Muscle Cell Definition
A muscle cell, known technically as a myocyte, is a specialized animal cell which can shorten its length using a series of motor proteins specially arranged within the cell. While several associated proteins help, actin and myosin form thick and thin filaments which slide past each other to contract small units of a muscle cell. These units are called sarcomeres, and many of them run end-to-end within a larger fiber called a myofibril. A single muscle cell contains many nuclei, which are pressed against the cell membrane. A muscle cell is a long cell compared to other forms of cells, and many muscle cells connect together to form the long fibers found in muscle tissue.
Structure of a Muscle Cell
As seen in the image below, a muscle cell is a compact bundle of many myofibrils. Each myofibril is made of many sarcomeres bundled together and attached end-to-end. A specialized form of the endoplasmic reticulum, known as the sarcoplasmic reticulum, extends in and around these myofibril bundles. The sarcoplasmic reticulum (SR for short) concentrates a chemical needed for the muscle cells to contract, and is activated by signals from nerve cells. The signals travel through the transverse tubules (T tubules in the picture below) after being received from a nerve and activates the SR. Mitochondria are densely packed throughout muscle cells, to provide a constant flow of ATP. The entire cell is covered in a specialized cell membrane known as the sarcolemma. The sarcolemma has special opening which allow nerve impulses to be passed into transverse tubules.
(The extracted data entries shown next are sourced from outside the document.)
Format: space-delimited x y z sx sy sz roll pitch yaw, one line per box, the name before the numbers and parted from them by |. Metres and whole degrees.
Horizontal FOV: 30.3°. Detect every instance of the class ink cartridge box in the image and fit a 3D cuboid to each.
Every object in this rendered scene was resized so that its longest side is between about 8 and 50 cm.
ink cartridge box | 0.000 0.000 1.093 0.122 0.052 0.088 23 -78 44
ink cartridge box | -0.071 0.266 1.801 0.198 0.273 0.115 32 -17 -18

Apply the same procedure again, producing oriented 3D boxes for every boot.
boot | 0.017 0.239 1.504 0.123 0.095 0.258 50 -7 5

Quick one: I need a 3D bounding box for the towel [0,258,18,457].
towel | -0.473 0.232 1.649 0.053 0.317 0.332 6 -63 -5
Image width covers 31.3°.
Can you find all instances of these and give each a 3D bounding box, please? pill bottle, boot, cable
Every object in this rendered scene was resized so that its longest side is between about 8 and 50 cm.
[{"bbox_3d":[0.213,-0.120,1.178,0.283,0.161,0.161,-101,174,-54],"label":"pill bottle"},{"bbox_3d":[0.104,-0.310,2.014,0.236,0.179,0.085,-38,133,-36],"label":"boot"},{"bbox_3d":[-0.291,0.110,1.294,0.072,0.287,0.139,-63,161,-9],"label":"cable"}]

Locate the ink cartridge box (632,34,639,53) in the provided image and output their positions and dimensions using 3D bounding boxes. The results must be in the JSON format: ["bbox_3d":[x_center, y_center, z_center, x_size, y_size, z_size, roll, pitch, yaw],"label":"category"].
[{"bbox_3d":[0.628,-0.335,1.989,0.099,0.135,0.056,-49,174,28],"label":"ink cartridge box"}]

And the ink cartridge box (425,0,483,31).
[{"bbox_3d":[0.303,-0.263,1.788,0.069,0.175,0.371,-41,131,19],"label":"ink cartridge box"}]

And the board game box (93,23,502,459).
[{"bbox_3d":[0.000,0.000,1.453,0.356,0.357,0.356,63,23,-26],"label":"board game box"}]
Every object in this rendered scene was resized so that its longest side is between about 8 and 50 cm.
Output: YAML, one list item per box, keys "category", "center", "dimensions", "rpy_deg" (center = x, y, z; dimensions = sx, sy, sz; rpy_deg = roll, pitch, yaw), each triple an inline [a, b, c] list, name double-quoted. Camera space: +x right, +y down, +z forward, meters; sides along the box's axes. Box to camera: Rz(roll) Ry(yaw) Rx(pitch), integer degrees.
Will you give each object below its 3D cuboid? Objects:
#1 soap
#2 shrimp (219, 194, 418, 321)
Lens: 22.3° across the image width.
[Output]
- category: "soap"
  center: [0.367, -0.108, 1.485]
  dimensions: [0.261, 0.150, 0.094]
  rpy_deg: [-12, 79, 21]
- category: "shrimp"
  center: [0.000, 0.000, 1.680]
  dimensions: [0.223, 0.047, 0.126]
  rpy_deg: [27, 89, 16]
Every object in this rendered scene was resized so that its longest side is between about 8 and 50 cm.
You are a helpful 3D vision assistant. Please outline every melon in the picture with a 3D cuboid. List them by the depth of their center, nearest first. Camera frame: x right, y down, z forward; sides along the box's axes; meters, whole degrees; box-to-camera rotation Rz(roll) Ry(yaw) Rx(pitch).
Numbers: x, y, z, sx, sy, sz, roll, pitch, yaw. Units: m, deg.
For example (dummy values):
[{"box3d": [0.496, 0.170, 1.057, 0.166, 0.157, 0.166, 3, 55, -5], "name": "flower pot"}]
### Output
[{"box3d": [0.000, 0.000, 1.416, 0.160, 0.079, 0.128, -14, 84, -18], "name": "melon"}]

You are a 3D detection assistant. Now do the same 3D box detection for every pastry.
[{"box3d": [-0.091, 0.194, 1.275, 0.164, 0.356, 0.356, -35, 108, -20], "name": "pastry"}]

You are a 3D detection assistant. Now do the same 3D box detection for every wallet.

Below is a blown up view of each sarcomere. Each sarcomere is made primarily from thick and thin filaments. Thick filaments are made from repeating units of a protein known as myosin. Myosin has small heads on it which can bind to an actin filament. Repeating units of the protein actin make up the thin filament. Actin is supported by a number of accessory proteins which give the strands stability and allow the muscle to be controlled by nerve impulses.
The actin filaments are supported on each end by specialized proteins. The CapZ protein holds actin to the Z plate, while tropomodulin connects to the end of each actin filament. Nebulin connects CapZ to tropomodulin, providing a structural framework to hold the actin filaments rigid. Another large protein, titin, connects the Z plates together and prevents the sarcomere from being overstretched when it is not contracting. These proteins cannot be seen in the image below.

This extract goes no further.